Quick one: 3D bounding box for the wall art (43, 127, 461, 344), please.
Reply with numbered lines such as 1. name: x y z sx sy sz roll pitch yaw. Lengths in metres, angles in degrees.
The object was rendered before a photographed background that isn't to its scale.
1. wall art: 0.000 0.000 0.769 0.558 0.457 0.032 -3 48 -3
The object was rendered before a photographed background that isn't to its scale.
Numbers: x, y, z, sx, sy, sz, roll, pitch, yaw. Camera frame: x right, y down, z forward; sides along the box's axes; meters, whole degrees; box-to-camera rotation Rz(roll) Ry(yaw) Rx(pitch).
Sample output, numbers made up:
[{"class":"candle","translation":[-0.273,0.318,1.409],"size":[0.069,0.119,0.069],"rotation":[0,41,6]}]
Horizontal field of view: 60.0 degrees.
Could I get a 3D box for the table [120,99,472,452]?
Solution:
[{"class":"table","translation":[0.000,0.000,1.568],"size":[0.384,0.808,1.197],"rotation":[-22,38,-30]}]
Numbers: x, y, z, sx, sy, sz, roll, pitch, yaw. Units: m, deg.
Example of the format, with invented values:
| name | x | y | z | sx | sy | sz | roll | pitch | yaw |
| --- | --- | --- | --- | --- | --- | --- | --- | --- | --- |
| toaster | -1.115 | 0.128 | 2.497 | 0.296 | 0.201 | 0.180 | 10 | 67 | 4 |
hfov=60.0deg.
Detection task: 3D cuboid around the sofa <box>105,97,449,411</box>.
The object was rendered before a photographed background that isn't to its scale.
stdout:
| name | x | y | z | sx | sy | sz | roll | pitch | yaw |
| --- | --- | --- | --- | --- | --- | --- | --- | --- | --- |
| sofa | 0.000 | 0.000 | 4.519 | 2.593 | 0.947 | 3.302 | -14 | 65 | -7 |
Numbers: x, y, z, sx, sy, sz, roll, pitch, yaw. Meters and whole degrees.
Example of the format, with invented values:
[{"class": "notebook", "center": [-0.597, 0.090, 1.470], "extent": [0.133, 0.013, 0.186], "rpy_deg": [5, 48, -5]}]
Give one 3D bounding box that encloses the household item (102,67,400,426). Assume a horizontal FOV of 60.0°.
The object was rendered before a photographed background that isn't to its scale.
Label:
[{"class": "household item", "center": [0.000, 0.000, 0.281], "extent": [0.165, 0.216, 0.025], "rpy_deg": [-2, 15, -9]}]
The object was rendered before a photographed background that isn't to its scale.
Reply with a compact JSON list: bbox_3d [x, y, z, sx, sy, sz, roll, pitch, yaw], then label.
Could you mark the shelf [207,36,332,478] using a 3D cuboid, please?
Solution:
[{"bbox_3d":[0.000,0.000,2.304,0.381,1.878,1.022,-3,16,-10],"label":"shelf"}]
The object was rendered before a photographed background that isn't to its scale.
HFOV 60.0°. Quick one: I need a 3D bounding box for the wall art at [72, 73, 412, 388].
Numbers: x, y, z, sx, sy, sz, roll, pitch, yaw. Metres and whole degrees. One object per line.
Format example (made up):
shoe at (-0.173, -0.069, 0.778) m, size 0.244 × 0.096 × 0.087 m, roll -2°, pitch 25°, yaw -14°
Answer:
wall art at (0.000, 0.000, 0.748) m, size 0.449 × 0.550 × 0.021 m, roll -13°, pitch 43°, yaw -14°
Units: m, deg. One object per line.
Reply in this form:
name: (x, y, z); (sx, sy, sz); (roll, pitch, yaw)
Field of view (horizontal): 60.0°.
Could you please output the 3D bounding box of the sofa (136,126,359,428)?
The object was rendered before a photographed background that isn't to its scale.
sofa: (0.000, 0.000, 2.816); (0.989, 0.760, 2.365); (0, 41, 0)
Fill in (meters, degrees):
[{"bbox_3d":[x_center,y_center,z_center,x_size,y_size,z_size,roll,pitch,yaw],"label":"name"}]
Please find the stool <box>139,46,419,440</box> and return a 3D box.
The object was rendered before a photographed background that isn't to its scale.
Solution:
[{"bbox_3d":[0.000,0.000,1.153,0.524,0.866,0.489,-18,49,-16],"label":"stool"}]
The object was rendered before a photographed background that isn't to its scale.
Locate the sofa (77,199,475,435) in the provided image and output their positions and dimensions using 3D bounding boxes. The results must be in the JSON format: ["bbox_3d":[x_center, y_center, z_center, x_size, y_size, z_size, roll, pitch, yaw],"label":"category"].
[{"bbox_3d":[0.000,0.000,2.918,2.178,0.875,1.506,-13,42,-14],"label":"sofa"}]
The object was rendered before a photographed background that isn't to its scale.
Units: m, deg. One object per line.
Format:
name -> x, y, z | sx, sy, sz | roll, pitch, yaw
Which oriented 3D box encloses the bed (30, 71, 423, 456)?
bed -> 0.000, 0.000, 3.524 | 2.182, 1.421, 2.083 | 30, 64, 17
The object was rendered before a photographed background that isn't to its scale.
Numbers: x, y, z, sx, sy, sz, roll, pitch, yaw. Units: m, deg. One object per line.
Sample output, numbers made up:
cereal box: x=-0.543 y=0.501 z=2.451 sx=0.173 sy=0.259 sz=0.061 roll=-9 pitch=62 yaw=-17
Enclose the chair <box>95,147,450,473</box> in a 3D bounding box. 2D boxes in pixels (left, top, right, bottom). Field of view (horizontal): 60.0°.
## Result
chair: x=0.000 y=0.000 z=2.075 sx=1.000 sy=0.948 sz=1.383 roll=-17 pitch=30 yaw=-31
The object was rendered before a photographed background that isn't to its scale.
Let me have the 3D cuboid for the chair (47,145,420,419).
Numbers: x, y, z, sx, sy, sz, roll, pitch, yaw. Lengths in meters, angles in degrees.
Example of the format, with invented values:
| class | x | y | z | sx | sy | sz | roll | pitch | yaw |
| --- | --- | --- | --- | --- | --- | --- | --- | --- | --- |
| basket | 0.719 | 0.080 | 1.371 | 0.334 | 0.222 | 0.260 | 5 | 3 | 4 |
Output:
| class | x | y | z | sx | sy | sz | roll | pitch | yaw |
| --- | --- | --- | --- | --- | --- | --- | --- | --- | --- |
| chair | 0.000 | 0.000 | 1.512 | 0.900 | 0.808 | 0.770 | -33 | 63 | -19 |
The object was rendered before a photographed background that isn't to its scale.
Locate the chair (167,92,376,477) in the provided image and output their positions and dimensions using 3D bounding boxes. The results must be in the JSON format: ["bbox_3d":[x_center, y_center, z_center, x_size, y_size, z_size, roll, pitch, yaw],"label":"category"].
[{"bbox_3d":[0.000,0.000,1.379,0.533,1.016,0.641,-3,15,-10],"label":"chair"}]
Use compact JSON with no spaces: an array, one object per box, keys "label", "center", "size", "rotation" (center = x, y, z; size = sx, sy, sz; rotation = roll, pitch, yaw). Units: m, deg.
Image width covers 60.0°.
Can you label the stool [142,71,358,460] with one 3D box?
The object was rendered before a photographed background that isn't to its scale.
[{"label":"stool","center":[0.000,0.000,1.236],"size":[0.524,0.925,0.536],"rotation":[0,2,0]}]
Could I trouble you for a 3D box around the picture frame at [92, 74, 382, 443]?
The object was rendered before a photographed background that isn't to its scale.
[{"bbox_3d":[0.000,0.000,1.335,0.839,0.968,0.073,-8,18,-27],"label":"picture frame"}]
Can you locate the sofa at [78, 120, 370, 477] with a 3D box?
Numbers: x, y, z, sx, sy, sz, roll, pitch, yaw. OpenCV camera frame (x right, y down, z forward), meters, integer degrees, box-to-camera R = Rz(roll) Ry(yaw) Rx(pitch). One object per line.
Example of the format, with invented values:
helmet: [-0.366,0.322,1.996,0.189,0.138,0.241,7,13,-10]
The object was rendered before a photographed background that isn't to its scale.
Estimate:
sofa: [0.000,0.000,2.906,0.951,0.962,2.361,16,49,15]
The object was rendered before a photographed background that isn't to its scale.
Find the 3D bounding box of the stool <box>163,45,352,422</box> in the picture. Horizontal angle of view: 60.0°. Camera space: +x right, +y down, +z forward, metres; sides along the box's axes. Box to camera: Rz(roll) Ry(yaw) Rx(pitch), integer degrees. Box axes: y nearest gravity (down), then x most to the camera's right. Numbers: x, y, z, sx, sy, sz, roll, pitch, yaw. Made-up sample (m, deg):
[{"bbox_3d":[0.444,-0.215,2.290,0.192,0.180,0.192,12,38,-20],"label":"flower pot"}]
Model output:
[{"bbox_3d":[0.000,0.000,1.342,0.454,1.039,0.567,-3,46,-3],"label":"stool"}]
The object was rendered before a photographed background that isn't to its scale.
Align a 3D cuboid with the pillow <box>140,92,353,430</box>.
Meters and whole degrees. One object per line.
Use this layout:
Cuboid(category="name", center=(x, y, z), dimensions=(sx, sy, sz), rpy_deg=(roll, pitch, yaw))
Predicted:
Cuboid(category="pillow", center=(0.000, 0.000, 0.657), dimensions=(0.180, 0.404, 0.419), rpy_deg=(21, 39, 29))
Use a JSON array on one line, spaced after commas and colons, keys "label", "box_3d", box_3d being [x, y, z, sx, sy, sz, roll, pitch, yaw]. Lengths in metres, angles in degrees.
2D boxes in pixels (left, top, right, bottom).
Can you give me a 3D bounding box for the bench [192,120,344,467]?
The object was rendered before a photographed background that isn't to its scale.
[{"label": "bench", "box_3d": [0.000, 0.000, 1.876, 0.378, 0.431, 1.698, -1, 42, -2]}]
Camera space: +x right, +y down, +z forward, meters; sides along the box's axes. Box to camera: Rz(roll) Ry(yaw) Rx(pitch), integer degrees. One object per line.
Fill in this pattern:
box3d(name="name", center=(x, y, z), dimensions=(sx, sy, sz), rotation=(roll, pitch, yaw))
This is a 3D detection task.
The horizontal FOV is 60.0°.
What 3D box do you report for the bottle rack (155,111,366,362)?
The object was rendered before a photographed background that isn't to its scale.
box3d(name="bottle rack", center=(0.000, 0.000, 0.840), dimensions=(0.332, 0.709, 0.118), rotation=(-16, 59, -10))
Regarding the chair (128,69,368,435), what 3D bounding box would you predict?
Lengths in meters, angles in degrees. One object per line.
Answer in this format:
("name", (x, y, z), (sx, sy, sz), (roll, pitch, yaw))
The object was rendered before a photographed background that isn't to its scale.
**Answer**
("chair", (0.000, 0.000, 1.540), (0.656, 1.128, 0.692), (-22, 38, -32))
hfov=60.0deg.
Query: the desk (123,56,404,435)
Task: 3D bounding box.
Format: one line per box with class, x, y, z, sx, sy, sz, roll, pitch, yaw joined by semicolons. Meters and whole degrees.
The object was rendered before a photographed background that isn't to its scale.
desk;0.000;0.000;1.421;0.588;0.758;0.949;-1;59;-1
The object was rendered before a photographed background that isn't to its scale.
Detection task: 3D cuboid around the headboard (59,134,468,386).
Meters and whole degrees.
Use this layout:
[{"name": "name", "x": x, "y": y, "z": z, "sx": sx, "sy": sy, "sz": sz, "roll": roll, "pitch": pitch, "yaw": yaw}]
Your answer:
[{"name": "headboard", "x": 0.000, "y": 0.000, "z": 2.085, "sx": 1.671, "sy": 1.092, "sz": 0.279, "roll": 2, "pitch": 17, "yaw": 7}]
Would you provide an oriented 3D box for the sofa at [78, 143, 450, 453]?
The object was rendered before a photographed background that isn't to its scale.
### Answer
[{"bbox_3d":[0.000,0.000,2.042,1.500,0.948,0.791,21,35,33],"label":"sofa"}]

□ □ □ □ □

*The task*. Search the listing for "keys" and copy each line holding it.

*Solution for this problem*.
Use compact JSON with no spaces: an array, one object per box, keys "label", "center", "size", "rotation" (center = x, y, z; size = sx, sy, sz; rotation = roll, pitch, yaw). Units: m, deg.
Use a JSON array on one line, spaced after commas and colons, keys "label", "box_3d", box_3d being [x, y, z, sx, sy, sz, roll, pitch, yaw]. Lengths in metres, angles in degrees.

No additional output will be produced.